Çünkü hangi yöntemlerle, hangi sonuca ulaşacağımızı belirleyen faktör içinde yaşadığımız gerçeklerdir. 

  Günlük yaşamımızda, iş hayatımızda bizi olumlu olumsuz etkileyen birçok şey yaşıyoruz.

Mesela trafikte bencil davranan, kurallara uymayan bir sürücü, evlilik ve iş hayatında daha anlayışlı hoş görülü biri olabilir mi ?

 Sıraya giren o kadar kişinin hakkını gasp edip öne geçmeye çalışan birisi ile ticarette başarılı bir ortaklık yapılabilir mi ?

Bir kurumda çalışanın maaşını beğenmeyip işi savsaklamasına,

bir yöneticinin çalışanlarına karşı adaletsiz tutumuna, 

saygı duyulur mu?

Günlük hayatımızda bizi rahatsız eden birçok olayla karşılaşıyoruz.

Kendimizi güvende hissetmediğimiz anlarımız oluyor.

Geçmiş ile günümüzde yaşananları karşılaştırıyoruz.

Günümüzde insanların kişisel menfaatleri için neleri yapabileceklerini görüyoruz. 

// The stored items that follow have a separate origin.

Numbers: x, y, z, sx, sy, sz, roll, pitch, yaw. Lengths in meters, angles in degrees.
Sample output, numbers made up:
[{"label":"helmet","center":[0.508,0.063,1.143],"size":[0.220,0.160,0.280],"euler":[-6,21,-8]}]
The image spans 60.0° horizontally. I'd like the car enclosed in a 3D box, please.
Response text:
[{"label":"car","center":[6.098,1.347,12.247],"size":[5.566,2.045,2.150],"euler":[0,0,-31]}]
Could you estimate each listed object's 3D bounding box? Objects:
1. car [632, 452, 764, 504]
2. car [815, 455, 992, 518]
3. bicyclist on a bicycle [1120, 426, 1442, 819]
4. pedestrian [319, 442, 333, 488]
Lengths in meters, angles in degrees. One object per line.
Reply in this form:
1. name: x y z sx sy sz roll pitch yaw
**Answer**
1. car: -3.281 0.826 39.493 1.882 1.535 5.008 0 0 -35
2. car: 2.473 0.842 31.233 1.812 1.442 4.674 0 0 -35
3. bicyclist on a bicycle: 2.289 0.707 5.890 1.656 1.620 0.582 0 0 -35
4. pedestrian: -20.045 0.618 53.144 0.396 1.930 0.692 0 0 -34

Ve bunlar bizi çok rahatsız ediyor.

Ne iş yaparsak yapalım,  eğer kendimizi iyi hissetmezsek hayatın her alanında başarıya ulaşmamız mümkün olmaz.

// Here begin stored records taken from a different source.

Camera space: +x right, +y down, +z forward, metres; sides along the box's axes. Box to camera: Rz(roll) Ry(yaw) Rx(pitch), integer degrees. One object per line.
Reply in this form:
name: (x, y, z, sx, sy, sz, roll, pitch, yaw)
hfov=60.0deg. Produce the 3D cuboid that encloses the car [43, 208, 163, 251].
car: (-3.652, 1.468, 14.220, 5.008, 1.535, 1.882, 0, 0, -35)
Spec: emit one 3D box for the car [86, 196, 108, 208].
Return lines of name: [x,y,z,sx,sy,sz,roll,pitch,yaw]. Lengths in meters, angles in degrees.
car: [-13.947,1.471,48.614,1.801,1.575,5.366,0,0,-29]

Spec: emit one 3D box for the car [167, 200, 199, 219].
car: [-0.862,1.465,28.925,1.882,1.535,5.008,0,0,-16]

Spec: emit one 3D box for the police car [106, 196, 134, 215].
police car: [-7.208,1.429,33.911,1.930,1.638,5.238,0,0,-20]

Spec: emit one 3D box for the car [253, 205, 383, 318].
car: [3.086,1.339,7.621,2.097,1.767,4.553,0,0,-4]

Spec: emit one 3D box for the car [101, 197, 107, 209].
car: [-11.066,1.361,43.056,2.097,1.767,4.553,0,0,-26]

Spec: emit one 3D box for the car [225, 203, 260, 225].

 Bizi rahatsız eden her meselede kendimizle hesaplaşmalıyız.

Sorunun kaynağı biz olmamalıyız.

Her yol mubah diyen anlayışlardan uzak durmalıyız.

İster iş hayatımızda başarı isteyelim, ister ailemizle huzurlu mutlu bir hayatı hayal edelim, ister sosyal hayatta saygın güvenilir bir birey olmak isteyelim…

Etrafımızda olup biteni iyi analiz etmeliyiz.

İçinde bulunduğumuz ekonomik iklime göre ticaretimize yön vermeliyiz.

Özel hayatımızda ve iş hayatımızda güzel ahlaki değerlere sahip insanlara değer vermeliyiz.

Topluma, birey olarak iyi rol modeller olmayız ki, söyleyeceğimiz sözlerin anlamı olsun.

Hayatta başarılı olmak çok önemli, 

Ama nasıl başarılı olunduğu bence daha çok önemli.